That, topped off with a collective case of wanderlust, helps explain how Joanne, Nancy and Patty Karl came to own 11 acres of unforgiving Mojave Desert moonscape -- and one 38-foot-tall, blindingly white dome called the Integratron.

Modeled after the Tabernacle that some believe was built by Moses and built atop an unexplained spike in the magnetic field, the place might, or might not, have been imbued with healing powers -- and that’s not all. The dome’s architect also believed that he could harness energy, creating what he called a “proprietary frequency” and distorting the space-time continuum.

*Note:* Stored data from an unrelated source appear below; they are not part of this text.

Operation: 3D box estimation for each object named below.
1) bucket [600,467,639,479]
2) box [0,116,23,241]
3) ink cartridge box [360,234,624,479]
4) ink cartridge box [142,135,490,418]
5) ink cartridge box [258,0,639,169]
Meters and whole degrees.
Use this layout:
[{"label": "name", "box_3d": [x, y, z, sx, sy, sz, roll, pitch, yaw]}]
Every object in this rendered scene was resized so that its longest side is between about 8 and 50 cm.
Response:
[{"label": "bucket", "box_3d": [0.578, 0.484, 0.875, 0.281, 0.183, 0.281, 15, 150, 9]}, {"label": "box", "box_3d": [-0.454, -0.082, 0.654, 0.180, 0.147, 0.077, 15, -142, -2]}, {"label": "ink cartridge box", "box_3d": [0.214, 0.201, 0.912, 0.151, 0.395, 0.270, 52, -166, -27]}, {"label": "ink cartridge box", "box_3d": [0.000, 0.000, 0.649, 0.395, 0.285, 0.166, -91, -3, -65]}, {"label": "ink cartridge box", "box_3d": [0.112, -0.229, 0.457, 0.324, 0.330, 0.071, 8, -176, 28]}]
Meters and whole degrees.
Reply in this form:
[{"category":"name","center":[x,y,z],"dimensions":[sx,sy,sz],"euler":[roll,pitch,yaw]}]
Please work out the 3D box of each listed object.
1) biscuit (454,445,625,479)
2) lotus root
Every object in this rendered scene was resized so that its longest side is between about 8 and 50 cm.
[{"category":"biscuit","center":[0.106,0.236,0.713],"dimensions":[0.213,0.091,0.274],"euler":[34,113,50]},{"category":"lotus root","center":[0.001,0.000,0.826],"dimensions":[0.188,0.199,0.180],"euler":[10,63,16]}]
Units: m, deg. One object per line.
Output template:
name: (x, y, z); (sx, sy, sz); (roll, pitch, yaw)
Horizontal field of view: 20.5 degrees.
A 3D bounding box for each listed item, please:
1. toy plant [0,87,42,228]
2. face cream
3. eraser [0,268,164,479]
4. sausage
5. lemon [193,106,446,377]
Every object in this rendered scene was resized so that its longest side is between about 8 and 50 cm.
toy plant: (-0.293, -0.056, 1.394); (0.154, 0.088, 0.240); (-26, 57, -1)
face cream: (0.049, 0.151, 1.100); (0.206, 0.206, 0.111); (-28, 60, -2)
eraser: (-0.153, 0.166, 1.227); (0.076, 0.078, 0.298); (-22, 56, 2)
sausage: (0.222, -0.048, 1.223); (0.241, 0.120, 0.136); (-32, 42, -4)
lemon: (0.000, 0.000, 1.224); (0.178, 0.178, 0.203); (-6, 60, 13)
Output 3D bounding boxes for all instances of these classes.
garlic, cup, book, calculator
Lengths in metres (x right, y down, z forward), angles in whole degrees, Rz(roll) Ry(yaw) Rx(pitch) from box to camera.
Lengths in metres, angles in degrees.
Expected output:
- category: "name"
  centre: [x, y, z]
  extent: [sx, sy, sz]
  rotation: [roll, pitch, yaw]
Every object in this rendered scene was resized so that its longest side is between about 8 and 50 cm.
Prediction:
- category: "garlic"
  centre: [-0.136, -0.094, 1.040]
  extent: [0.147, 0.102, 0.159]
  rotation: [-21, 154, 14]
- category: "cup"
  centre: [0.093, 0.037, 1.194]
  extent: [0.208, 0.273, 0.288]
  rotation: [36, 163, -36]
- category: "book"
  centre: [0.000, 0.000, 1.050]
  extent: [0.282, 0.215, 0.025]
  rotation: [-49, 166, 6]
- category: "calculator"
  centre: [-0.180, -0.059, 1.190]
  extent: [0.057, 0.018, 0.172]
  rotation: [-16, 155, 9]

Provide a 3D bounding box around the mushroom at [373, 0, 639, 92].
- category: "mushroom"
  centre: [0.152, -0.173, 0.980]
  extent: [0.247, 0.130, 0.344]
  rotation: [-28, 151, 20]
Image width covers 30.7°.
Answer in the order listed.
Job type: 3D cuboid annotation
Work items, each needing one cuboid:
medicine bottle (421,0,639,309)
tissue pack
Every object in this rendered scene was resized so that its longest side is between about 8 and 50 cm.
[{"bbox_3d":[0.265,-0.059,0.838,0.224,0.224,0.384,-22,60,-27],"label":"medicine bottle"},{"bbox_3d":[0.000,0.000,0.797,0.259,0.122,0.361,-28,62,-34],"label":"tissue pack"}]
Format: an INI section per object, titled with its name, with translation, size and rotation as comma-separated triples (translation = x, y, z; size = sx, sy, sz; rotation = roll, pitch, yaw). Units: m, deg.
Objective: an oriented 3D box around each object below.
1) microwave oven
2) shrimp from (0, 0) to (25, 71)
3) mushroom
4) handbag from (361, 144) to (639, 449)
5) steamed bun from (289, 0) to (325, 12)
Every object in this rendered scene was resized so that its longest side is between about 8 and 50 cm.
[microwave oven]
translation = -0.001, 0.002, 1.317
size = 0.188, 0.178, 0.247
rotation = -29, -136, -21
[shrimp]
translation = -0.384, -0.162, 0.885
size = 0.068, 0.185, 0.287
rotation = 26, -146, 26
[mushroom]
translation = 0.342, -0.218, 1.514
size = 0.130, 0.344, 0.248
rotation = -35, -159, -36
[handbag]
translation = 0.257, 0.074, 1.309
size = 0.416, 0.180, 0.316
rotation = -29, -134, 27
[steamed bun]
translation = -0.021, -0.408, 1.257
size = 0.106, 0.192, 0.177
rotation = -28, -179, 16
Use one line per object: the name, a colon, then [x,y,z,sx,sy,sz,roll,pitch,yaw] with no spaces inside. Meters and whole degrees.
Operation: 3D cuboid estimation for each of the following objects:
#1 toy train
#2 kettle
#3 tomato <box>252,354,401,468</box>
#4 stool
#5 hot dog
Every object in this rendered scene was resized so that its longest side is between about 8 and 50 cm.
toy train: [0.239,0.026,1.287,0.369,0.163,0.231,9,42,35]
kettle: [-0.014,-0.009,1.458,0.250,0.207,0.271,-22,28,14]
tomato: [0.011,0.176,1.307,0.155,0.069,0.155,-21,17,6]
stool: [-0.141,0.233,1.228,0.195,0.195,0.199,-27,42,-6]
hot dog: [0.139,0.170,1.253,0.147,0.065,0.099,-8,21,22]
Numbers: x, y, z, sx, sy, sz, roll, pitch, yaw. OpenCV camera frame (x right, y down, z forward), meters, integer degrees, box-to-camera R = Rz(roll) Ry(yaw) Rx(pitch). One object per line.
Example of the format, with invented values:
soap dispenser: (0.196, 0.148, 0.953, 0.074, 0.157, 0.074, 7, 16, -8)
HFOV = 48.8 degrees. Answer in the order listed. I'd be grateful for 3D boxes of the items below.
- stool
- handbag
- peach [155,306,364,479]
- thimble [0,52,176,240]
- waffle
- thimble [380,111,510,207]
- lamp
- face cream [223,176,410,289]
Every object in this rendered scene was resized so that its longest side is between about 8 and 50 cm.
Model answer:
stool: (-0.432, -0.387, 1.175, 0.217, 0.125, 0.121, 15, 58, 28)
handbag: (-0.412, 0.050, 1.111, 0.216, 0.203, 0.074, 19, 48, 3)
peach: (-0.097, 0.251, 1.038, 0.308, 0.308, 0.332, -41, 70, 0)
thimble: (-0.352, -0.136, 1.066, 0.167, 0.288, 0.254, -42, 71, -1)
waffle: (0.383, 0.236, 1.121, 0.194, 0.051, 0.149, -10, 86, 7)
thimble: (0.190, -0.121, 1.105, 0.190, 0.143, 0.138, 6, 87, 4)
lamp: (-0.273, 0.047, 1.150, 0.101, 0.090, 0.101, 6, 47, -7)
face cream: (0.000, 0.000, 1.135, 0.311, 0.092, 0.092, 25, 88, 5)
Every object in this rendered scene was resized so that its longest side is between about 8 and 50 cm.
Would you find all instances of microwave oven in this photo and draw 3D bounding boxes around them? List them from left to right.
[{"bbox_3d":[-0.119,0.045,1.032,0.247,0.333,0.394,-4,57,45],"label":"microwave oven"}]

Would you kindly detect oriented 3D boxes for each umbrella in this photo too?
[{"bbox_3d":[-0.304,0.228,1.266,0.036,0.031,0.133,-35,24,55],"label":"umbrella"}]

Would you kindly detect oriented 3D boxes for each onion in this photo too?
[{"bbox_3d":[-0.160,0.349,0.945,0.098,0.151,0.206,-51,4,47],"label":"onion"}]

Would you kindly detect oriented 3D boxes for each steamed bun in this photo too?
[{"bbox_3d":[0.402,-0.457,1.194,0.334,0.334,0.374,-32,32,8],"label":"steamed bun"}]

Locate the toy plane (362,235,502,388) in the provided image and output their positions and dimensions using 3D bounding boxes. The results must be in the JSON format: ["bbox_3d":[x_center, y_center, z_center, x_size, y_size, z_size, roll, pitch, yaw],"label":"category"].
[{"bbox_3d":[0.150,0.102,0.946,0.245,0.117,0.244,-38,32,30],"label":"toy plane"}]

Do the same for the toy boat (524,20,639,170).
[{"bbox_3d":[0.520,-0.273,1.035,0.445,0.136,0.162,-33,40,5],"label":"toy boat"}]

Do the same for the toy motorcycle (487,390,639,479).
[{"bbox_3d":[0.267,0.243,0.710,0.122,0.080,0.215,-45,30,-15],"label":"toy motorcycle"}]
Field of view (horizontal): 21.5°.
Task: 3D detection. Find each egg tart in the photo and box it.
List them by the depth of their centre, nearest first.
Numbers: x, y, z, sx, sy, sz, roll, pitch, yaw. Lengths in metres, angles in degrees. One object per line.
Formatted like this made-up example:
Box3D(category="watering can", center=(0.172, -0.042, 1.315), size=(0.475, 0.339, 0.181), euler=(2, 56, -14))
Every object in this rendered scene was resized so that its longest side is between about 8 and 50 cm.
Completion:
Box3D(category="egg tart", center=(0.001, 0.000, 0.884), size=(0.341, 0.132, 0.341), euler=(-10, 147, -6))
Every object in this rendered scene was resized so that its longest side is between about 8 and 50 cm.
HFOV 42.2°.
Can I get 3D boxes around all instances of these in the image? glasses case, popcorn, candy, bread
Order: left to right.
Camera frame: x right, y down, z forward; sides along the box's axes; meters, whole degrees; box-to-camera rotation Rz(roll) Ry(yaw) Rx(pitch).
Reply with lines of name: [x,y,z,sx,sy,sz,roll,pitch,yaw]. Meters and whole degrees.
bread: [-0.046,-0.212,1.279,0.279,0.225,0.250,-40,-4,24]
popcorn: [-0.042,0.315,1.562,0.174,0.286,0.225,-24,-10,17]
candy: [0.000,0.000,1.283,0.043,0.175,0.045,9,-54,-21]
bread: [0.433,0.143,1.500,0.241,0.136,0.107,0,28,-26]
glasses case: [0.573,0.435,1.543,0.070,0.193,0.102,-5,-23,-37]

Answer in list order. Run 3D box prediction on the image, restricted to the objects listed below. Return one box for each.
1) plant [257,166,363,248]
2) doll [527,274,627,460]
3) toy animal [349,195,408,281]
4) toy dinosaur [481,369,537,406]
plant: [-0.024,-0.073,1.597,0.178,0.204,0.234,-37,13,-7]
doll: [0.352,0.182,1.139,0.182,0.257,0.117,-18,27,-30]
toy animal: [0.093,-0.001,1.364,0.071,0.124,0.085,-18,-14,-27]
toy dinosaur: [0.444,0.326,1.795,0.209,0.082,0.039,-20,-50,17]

The sisters want to give it a shot. If only they could figure out how to turn the thing on.

More than 1,000 devotees visit each year. About a third are musicians who record here, taking advantage of the wooden dome’s unusual acoustics. Most, however, come to kind of be, and to undergo therapeutic “sound baths,” which Joanne describes as “kindergarten nap time of the third kind.”

“OK,” Joanne says, climbing a steep ladder into the rotunda. “Here we go.”

As you lie on the floor, Joanne begins to circle the rim of quartz bowls with a wooden pestle -- the same principle, she’ll explain later, as when you used to wet your finger and “play” the rims of grandma’s crystal glasses. “Take the deepest breath you’ve taken today,” she says, tenderly.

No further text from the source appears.